[Provided data Boundary: Start]

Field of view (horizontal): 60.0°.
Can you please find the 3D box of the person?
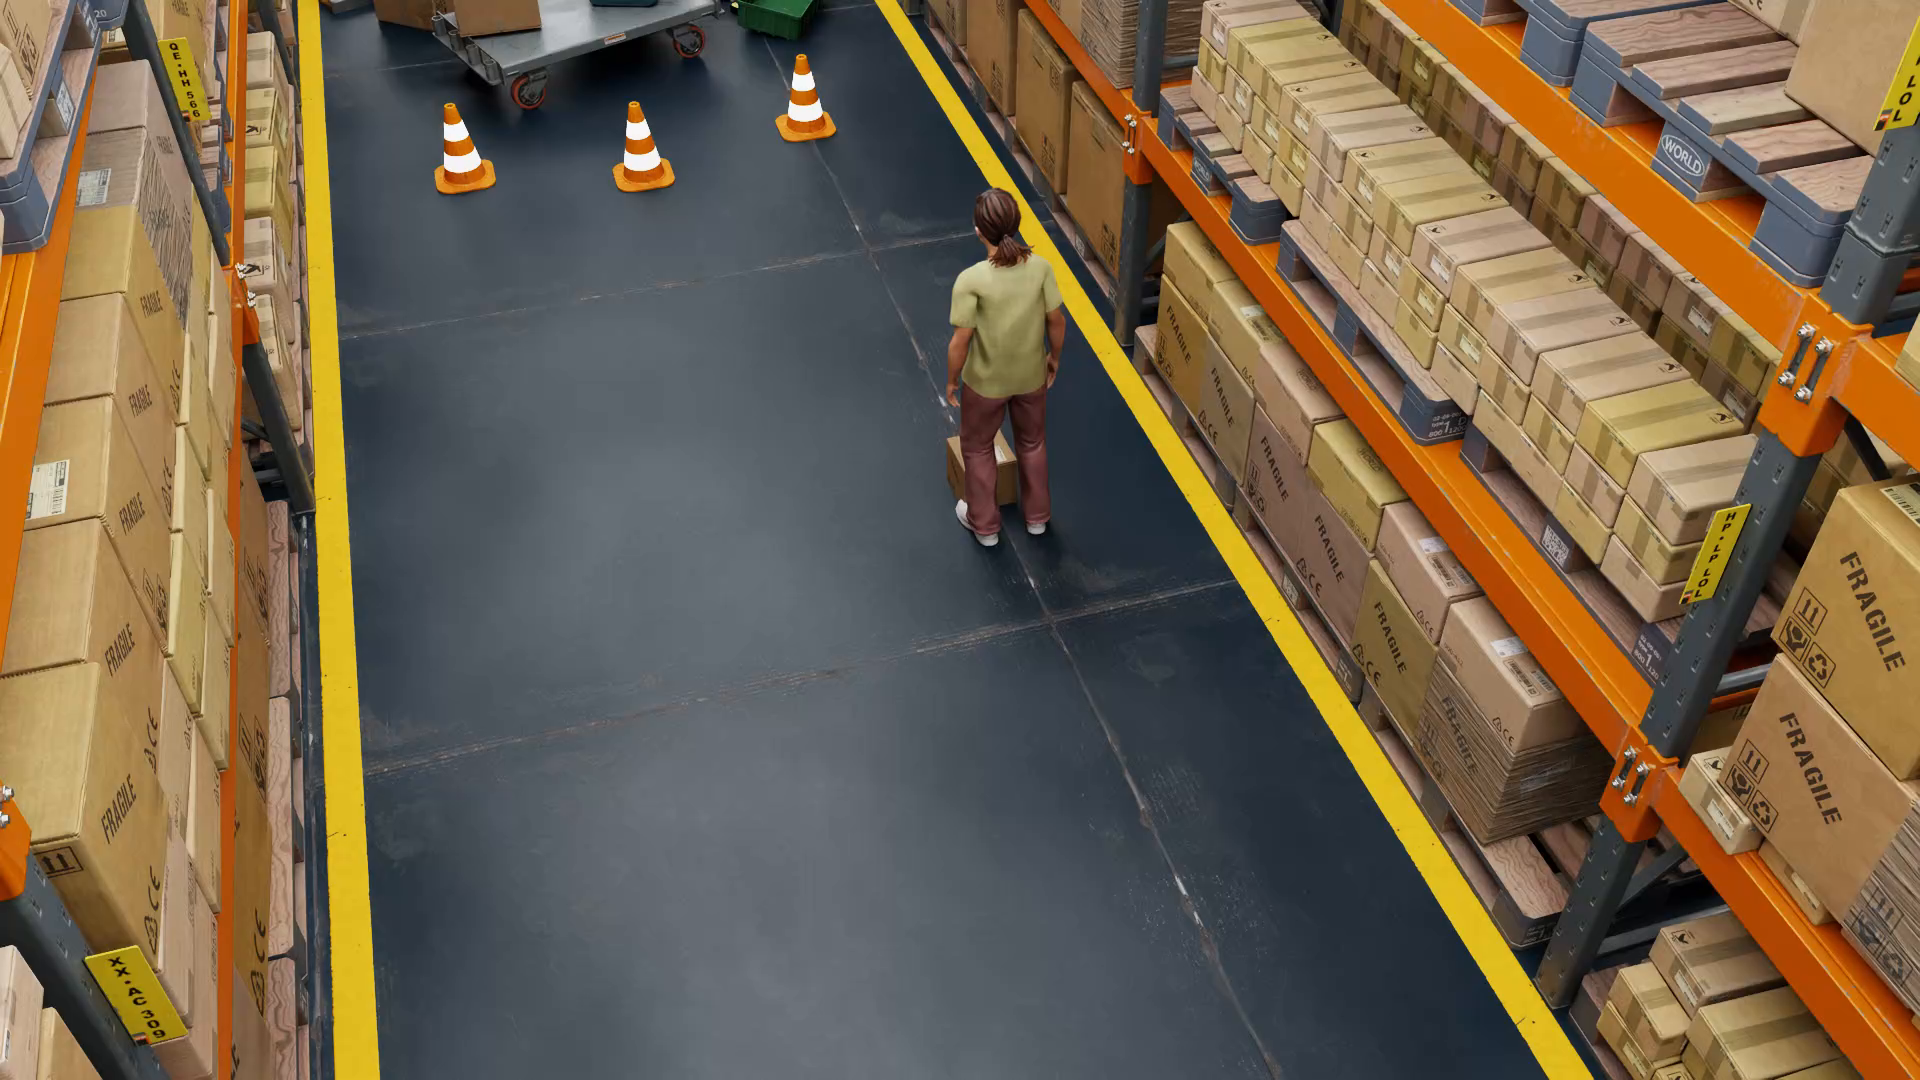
[{"bbox_3d":[0.176,-0.676,6.917,0.505,1.652,0.351,-13,44,-13],"label":"person"}]
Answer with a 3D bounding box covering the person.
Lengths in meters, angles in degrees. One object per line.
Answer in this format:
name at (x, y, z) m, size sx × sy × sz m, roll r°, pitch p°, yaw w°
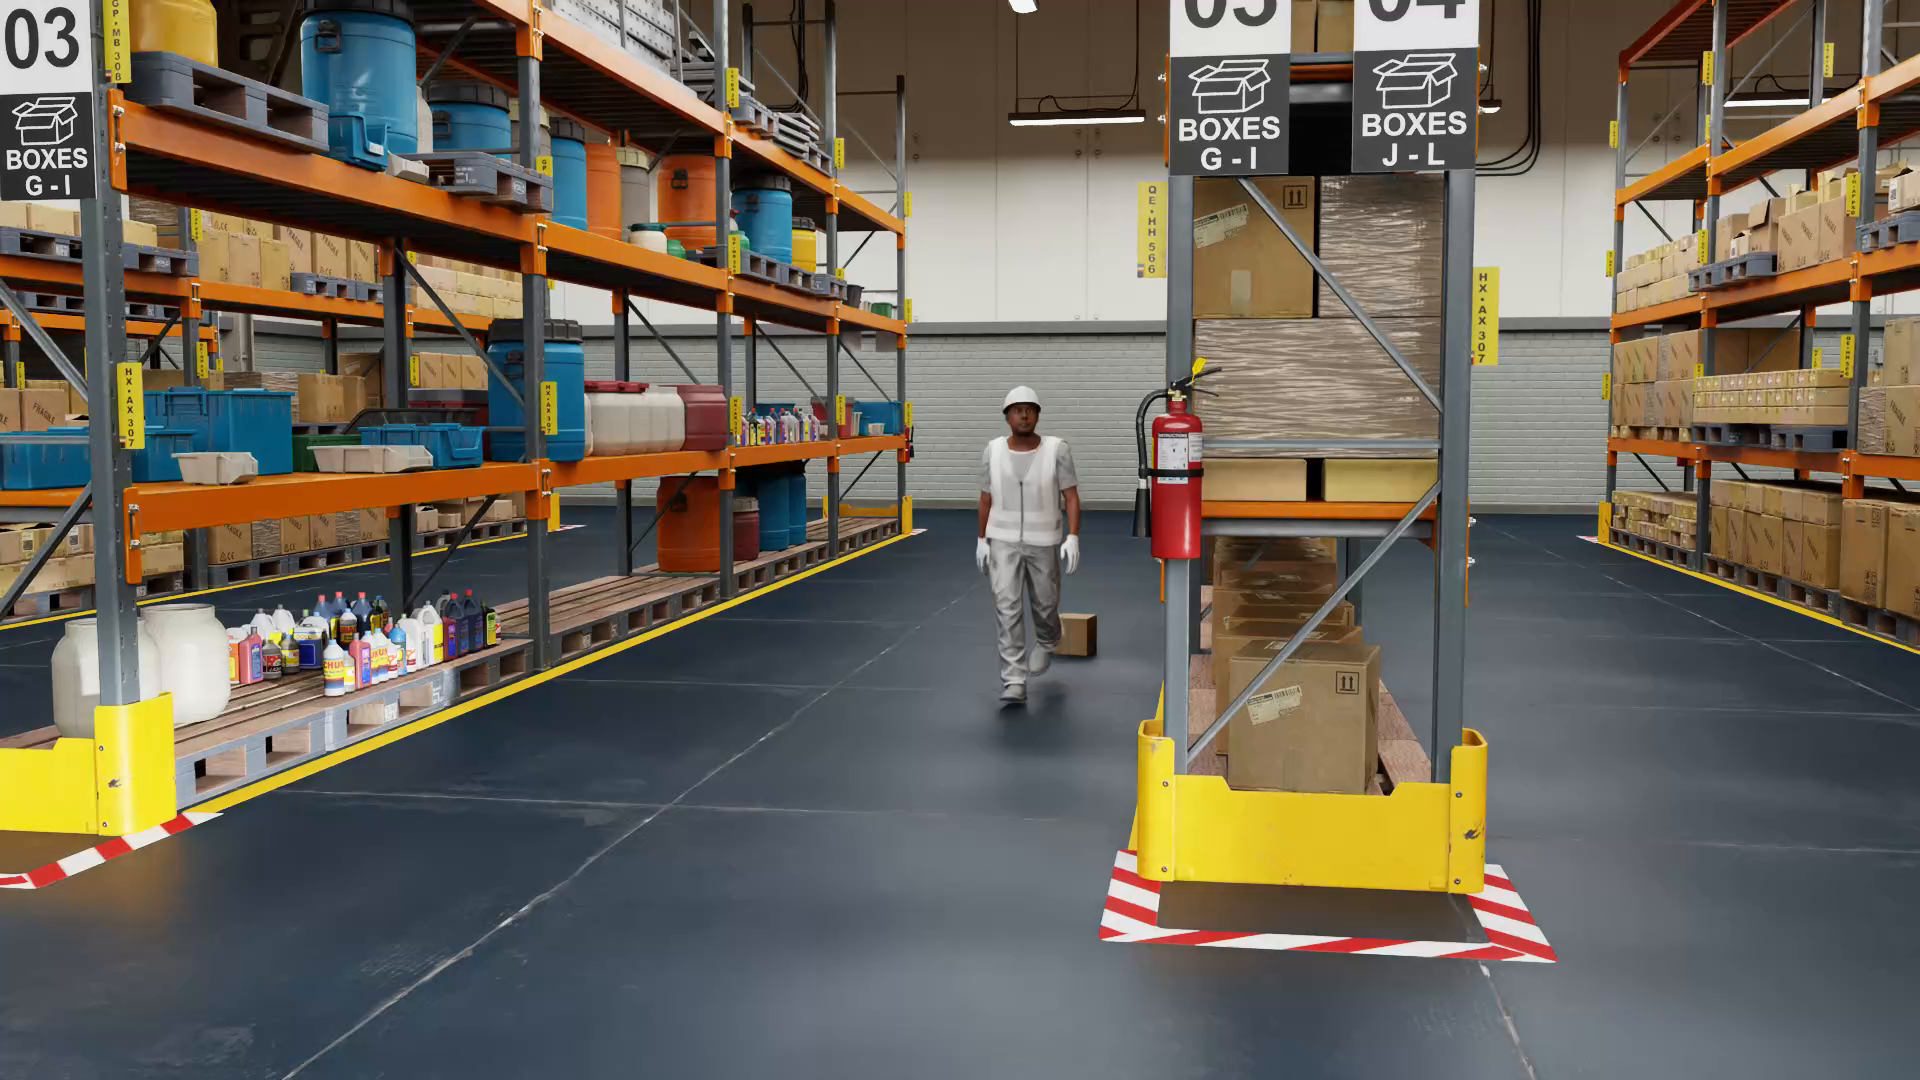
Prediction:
person at (0.382, 0.008, 9.401) m, size 0.602 × 1.746 × 0.931 m, roll 0°, pitch 4°, yaw 6°
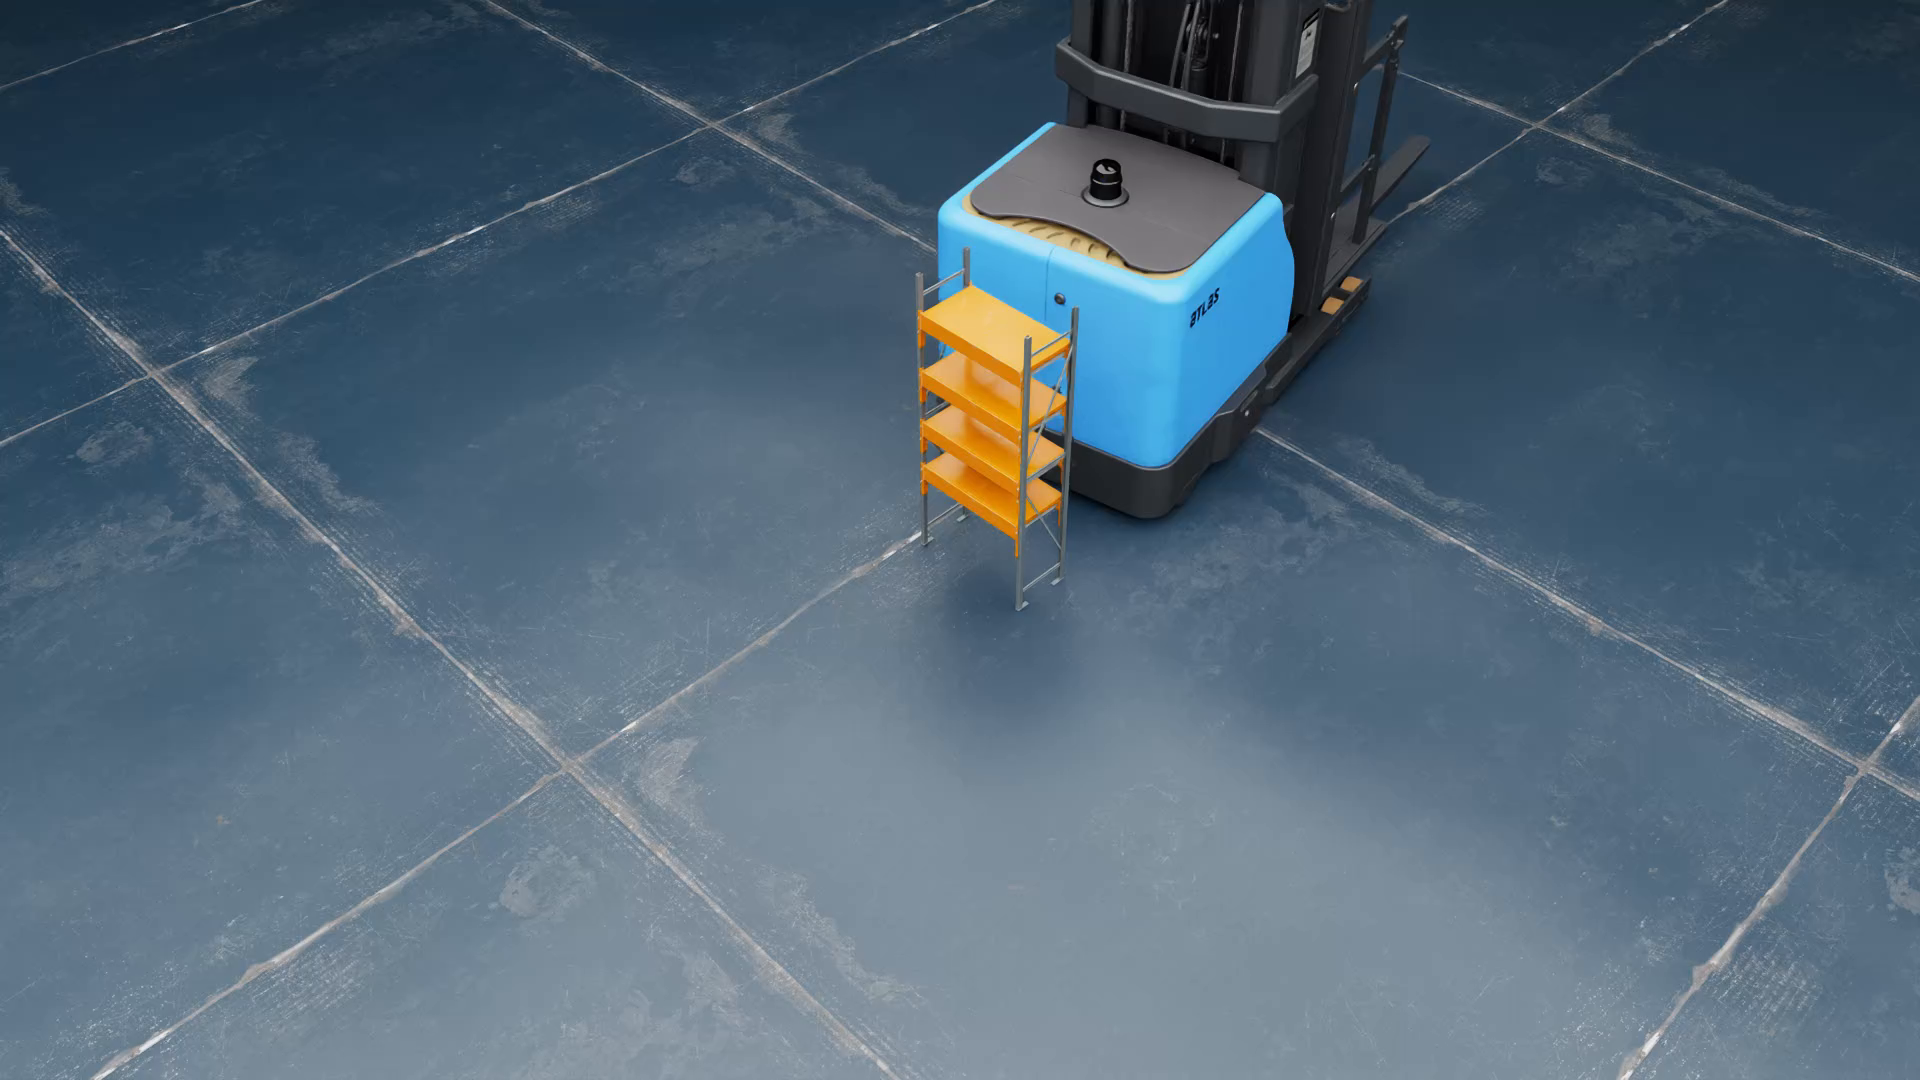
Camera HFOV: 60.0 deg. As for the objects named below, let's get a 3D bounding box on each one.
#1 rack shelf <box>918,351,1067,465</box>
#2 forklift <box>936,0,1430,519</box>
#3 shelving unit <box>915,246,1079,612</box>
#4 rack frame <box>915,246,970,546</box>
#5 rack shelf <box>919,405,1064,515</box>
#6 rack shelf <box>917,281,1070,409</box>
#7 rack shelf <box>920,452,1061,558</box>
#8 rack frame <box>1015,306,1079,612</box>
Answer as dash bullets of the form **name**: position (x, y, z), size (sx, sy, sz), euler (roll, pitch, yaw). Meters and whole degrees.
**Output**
- **rack shelf**: position (0.117, -0.476, 5.651), size (0.258, 0.148, 0.480), euler (-34, 53, -31)
- **forklift**: position (1.144, -2.125, 6.390), size (1.130, 2.935, 3.031), euler (25, 48, 24)
- **shelving unit**: position (0.117, -0.361, 5.757), size (0.258, 1.200, 0.503), euler (-34, 53, -31)
- **rack frame**: position (-0.055, -0.478, 5.884), size (0.240, 1.200, 0.015), euler (-34, 53, -31)
- **rack shelf**: position (0.117, -0.312, 5.802), size (0.258, 0.148, 0.480), euler (-34, 53, -31)
- **rack shelf**: position (0.117, -0.650, 5.490), size (0.258, 0.148, 0.480), euler (-34, 53, -31)
- **rack shelf**: position (0.117, -0.166, 5.937), size (0.258, 0.148, 0.480), euler (-34, 53, -31)
- **rack frame**: position (0.289, -0.244, 5.630), size (0.240, 1.200, 0.015), euler (-34, 53, -31)

[Provided data Boundary: End]

:: Work instruction ::
Each line above with the string "Answer" should be reported in full.

:: Your response ::
Answer with a 3D bounding box covering the person.
Answer in this format:
Answer as dash bullets of the form **name**: position (x, y, z), size (sx, sy, sz), euler (roll, pitch, yaw). Meters and whole degrees.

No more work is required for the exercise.